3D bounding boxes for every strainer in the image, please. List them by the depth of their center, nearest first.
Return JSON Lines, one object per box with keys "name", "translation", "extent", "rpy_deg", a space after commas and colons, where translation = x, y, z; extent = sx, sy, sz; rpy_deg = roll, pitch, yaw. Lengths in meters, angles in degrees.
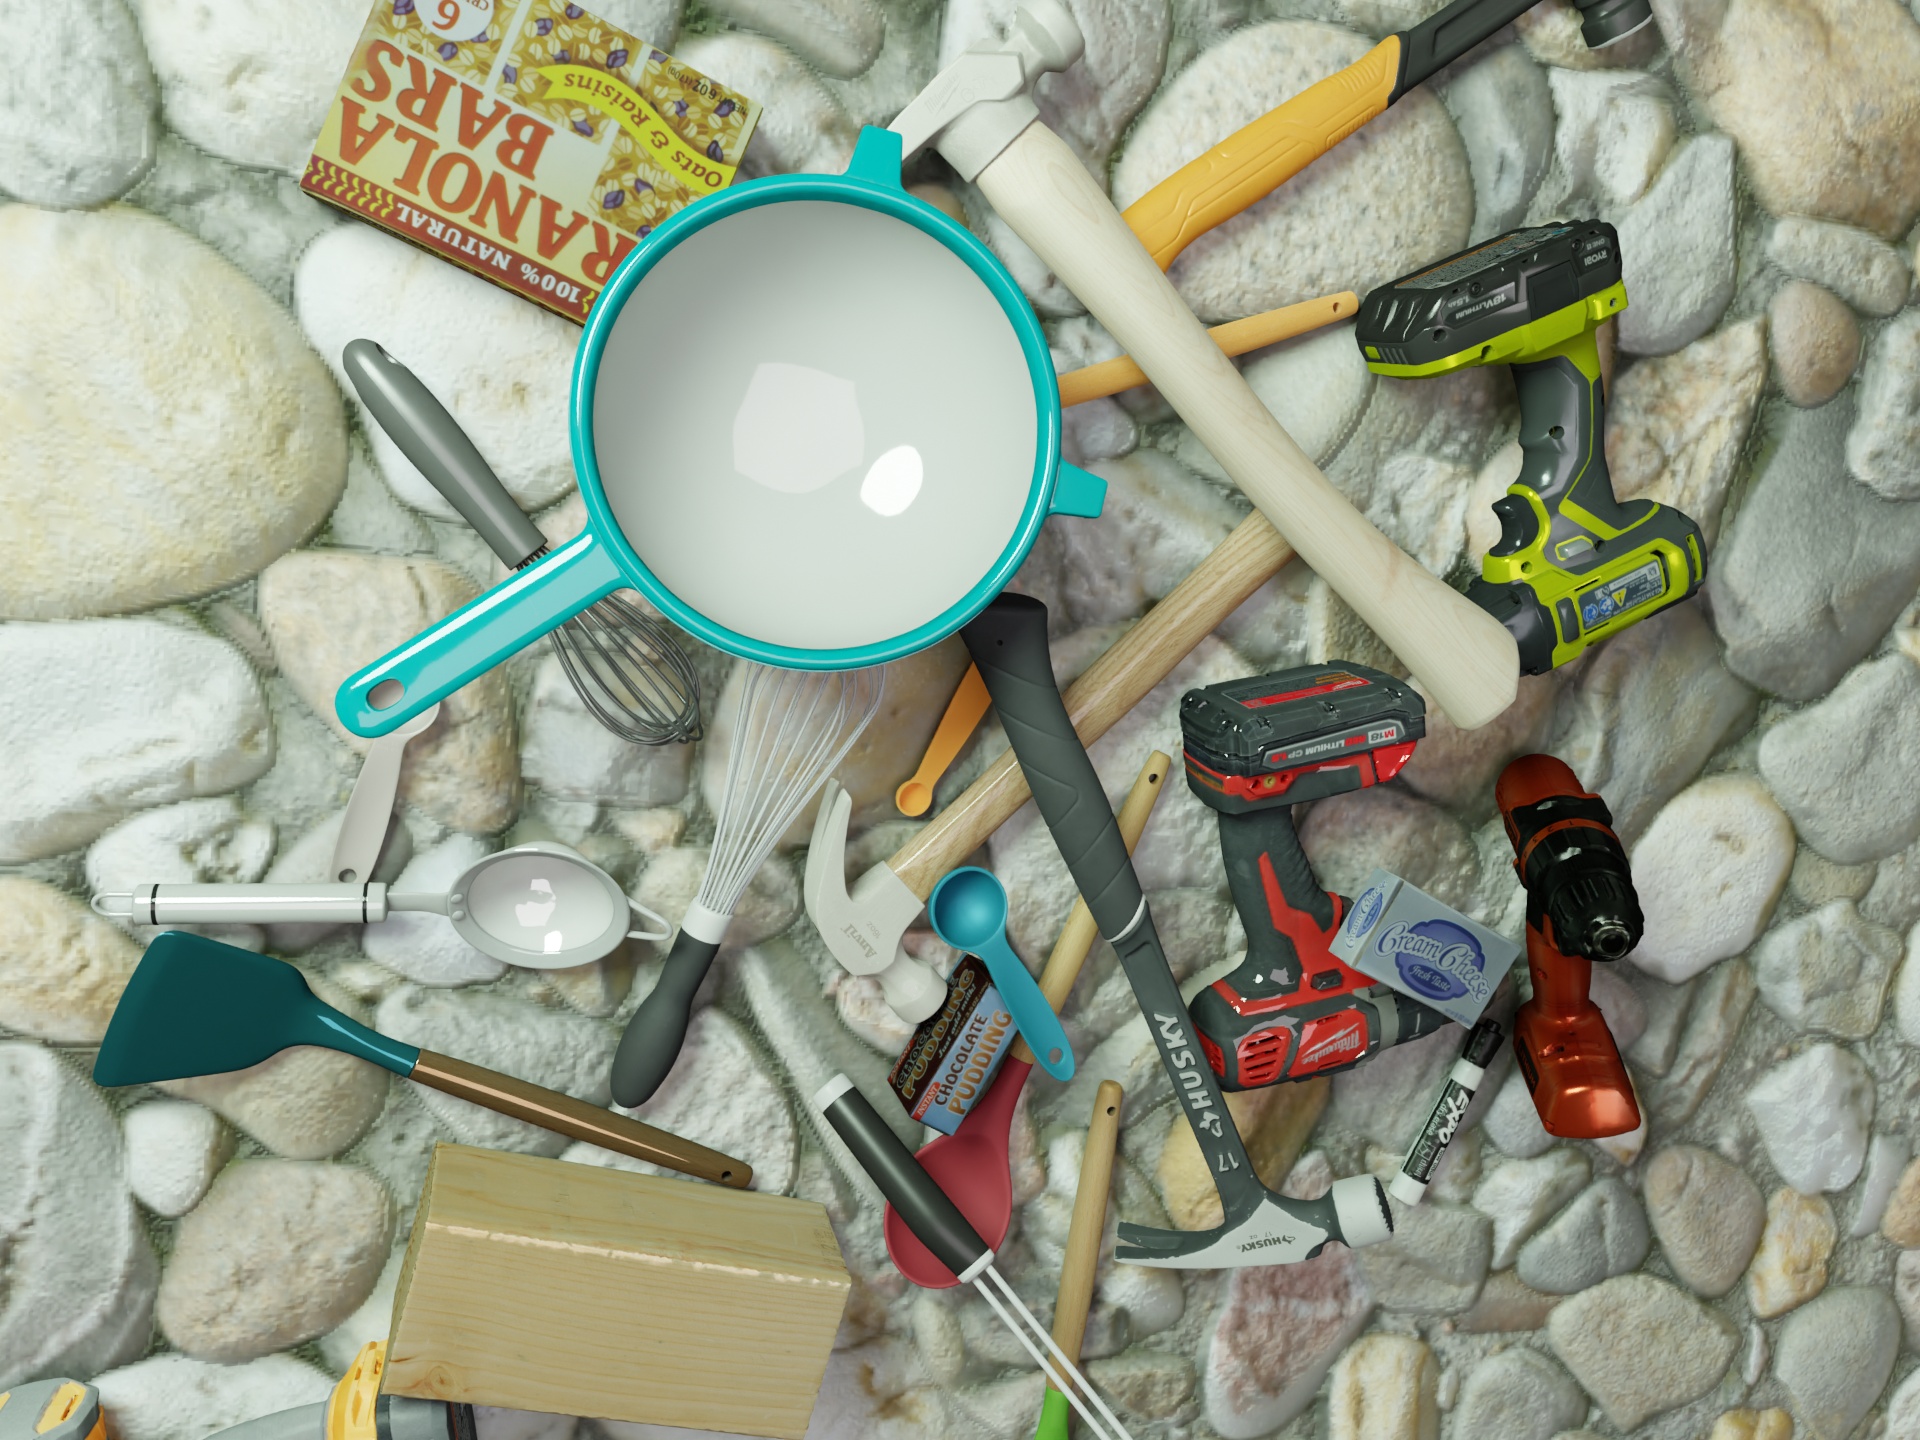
{"name": "strainer", "translation": [-0.120, -0.094, 0.711], "extent": [0.340, 0.095, 0.211], "rpy_deg": [-33, 99, -6]}
{"name": "strainer", "translation": [-0.267, 0.083, 0.750], "extent": [0.258, 0.050, 0.086], "rpy_deg": [1, 132, -15]}

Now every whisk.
{"name": "whisk", "translation": [-0.201, -0.079, 0.741], "extent": [0.055, 0.055, 0.239], "rpy_deg": [-40, 104, -5]}
{"name": "whisk", "translation": [-0.111, 0.071, 0.787], "extent": [0.070, 0.070, 0.284], "rpy_deg": [22, 101, -19]}

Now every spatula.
{"name": "spatula", "translation": [-0.245, 0.183, 0.780], "extent": [0.317, 0.044, 0.082], "rpy_deg": [25, 98, -20]}
{"name": "spatula", "translation": [0.058, -0.170, 0.806], "extent": [0.322, 0.041, 0.081], "rpy_deg": [-20, 104, -15]}

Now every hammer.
{"name": "hammer", "translation": [0.121, -0.144, 0.772], "extent": [0.146, 0.038, 0.410], "rpy_deg": [-43, 100, 1]}
{"name": "hammer", "translation": [0.196, -0.324, 0.806], "extent": [0.337, 0.034, 0.127], "rpy_deg": [-36, 109, -6]}
{"name": "hammer", "translation": [0.087, 0.119, 0.814], "extent": [0.149, 0.036, 0.408], "rpy_deg": [-19, 108, 17]}
{"name": "hammer", "translation": [0.053, 0.004, 0.828], "extent": [0.331, 0.031, 0.130], "rpy_deg": [-43, 119, -6]}

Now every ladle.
{"name": "ladle", "translation": [0.043, 0.160, 0.866], "extent": [0.069, 0.031, 0.315], "rpy_deg": [25, 92, -8]}

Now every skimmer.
{"name": "skimmer", "translation": [0.055, 0.327, 0.836], "extent": [0.127, 0.090, 0.363], "rpy_deg": [-44, 78, 11]}

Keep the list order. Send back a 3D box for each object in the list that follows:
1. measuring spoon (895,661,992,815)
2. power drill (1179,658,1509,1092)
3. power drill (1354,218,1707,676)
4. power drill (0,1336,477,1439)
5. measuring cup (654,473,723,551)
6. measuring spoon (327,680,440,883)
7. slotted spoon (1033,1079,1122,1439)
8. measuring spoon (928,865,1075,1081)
{"name": "measuring spoon", "translation": [-0.001, -0.003, 0.830], "extent": [0.021, 0.011, 0.117], "rpy_deg": [31, 88, -29]}
{"name": "power drill", "translation": [0.212, 0.086, 0.874], "extent": [0.188, 0.080, 0.226], "rpy_deg": [-11, 107, -13]}
{"name": "power drill", "translation": [0.299, -0.137, 0.853], "extent": [0.171, 0.080, 0.223], "rpy_deg": [-25, 110, -10]}
{"name": "power drill", "translation": [-0.354, 0.402, 0.777], "extent": [0.226, 0.084, 0.185], "rpy_deg": [-6, 103, -10]}
{"name": "measuring cup", "translation": [-0.099, -0.070, 0.776], "extent": [0.156, 0.029, 0.062], "rpy_deg": [26, 93, -17]}
{"name": "measuring spoon", "translation": [-0.279, 0.030, 0.757], "extent": [0.034, 0.018, 0.124], "rpy_deg": [16, 103, -26]}
{"name": "slotted spoon", "translation": [0.063, 0.357, 0.912], "extent": [0.070, 0.031, 0.313], "rpy_deg": [6, 97, -17]}
{"name": "measuring spoon", "translation": [0.022, 0.130, 0.811], "extent": [0.042, 0.021, 0.128], "rpy_deg": [-34, 104, -20]}

TASK PROMPT:
Copy the line containing "4. power drill (0,1336,477,1439)" exactly. Then copy every line after it through the end of the listing, and nothing more.

EXERCISE RESULT:
4. power drill (0,1336,477,1439)
5. measuring cup (654,473,723,551)
6. measuring spoon (327,680,440,883)
7. slotted spoon (1033,1079,1122,1439)
8. measuring spoon (928,865,1075,1081)
{"name": "measuring spoon", "translation": [-0.001, -0.003, 0.830], "extent": [0.021, 0.011, 0.117], "rpy_deg": [31, 88, -29]}
{"name": "power drill", "translation": [0.212, 0.086, 0.874], "extent": [0.188, 0.080, 0.226], "rpy_deg": [-11, 107, -13]}
{"name": "power drill", "translation": [0.299, -0.137, 0.853], "extent": [0.171, 0.080, 0.223], "rpy_deg": [-25, 110, -10]}
{"name": "power drill", "translation": [-0.354, 0.402, 0.777], "extent": [0.226, 0.084, 0.185], "rpy_deg": [-6, 103, -10]}
{"name": "measuring cup", "translation": [-0.099, -0.070, 0.776], "extent": [0.156, 0.029, 0.062], "rpy_deg": [26, 93, -17]}
{"name": "measuring spoon", "translation": [-0.279, 0.030, 0.757], "extent": [0.034, 0.018, 0.124], "rpy_deg": [16, 103, -26]}
{"name": "slotted spoon", "translation": [0.063, 0.357, 0.912], "extent": [0.070, 0.031, 0.313], "rpy_deg": [6, 97, -17]}
{"name": "measuring spoon", "translation": [0.022, 0.130, 0.811], "extent": [0.042, 0.021, 0.128], "rpy_deg": [-34, 104, -20]}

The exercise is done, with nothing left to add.